Garlic, born on July 21, is the first cat cloned by Sinogene, a pet-cloning company in Beijing. - Pic Credit Yan Cong for The New York Times
Garlic, born on July 21, is the first cat cloned by Sinogene, a pet-cloning company in Beijing. - Pic Credit Yan Cong for The New York Times

BEIJING: Garlic was dead, and there was nothing Huang Yu could do. So on a cold winter day, he buried his cat’s body in a park close to his home.

Hours later, still heartbroken, the 22-year-old businessman recalled an article he had read on dog cloning in China. What if someday he could bring Garlic back to life?

“In my heart, Garlic is irreplaceable,” said Huang, who dug up his British shorthair and put the cat in his refrigerator in preparation for cloning him. “Garlic didn’t leave anything for future generations, so I could only choose to clone.”

That thought led him to Sinogene, a commercial pet-cloning company based in Beijing. Roughly US$35,000 (RM146,000) and seven months later, Sinogene produced what China’s official news media declared to be the country’s first cloned cat – and another sign of the country’s emergence as a power in cloning and genetics.

Mi Jidong, Sinogene’s chief executive, said the company decided to start cloning pets in 2015 after conducting a survey of roughly 1,000 people that showed there was demand. The company has cloned more than 40 dogs, including schnauzers, Pomeranians and Malteses, at a cost of about US$53,000 each, some as pets and others for medical research.

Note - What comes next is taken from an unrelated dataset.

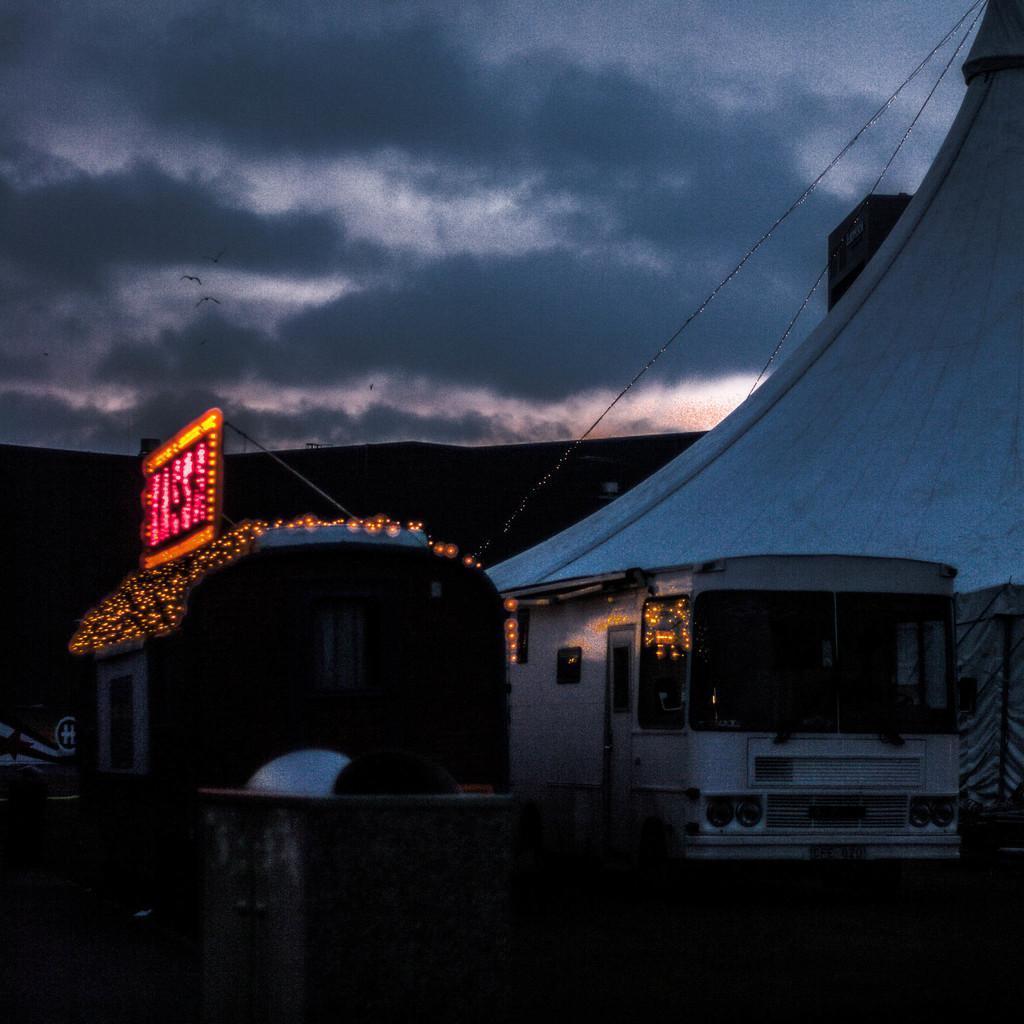Please provide a concise description of this image. In the image we can see the vehicle and these are the headlights of the vehicle. Here we can see led board, small lights and the cloudy sky.

Pet cloning is largely unregulated and controversial where it is done, but in China the barriers are especially low. Many Chinese people do not think that using animals for medical research or cosmetics testing is cruel, or that pet cloning is potentially problematic. There are also no laws against animal cruelty.

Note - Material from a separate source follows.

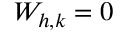Convert formula to latex. <formula><loc_0><loc_0><loc_500><loc_500>W _ { h , k } = 0</formula>

“It satisfies the owner’s spiritual needs and increases happiness,” said Wang Chuduan, a professor at China Agricultural University in Beijing. “There is a market demand. So what’s the problem?”

To clone Garlic, scientists implanted skin cells from Huang’s original cat into eggs harvested from other cats. After an electric or chemical shock, 40 cloned embryos were implanted into four surrogate mother cats. That produced three pregnancies, two of which were miscarriages, said Chen Benchi, head of Sinogene’s medical experiments team.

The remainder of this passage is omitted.